What you give back from the listing below should be an exact copy of the lines from the one with "<image>Why is the" down to the one with "Give a very brief answer. 0.", and it should contain no pictures.

**EXERCISE MATERIALS**
══════════════════════════════
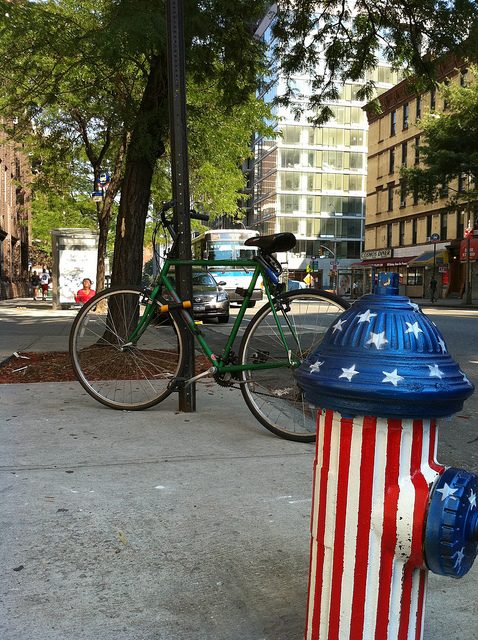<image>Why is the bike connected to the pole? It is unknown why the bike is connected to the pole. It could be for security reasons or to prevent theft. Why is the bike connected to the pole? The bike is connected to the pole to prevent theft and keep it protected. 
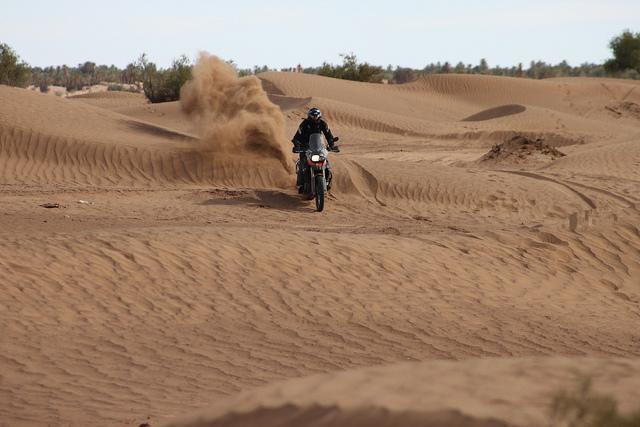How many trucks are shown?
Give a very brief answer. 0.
══════════════════════════════
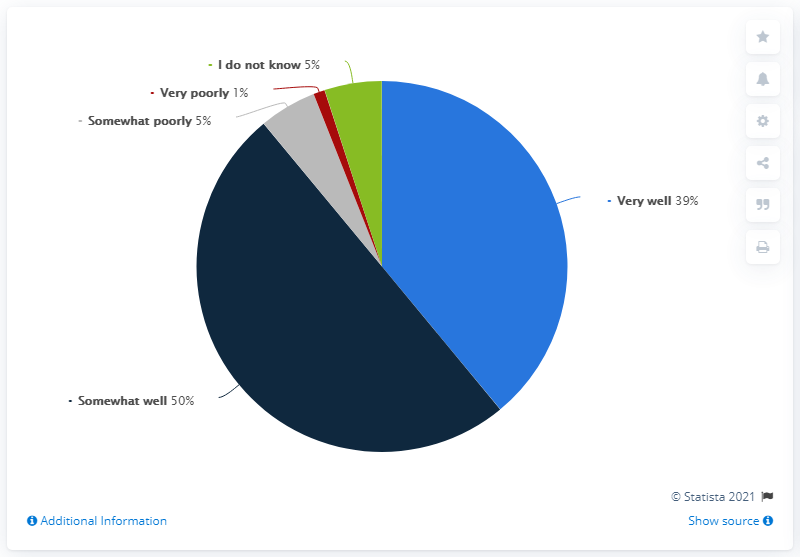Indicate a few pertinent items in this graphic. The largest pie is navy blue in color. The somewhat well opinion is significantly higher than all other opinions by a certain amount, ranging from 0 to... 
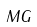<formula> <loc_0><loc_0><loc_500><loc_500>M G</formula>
══════════════════════════════
**RESPONSE TO THIS TASK**
<image>Why is the bike connected to the pole? It is unknown why the bike is connected to the pole. It could be for security reasons or to prevent theft. Why is the bike connected to the pole? The bike is connected to the pole to prevent theft and keep it protected. 
How many trucks are shown?
Give a very brief answer. 0.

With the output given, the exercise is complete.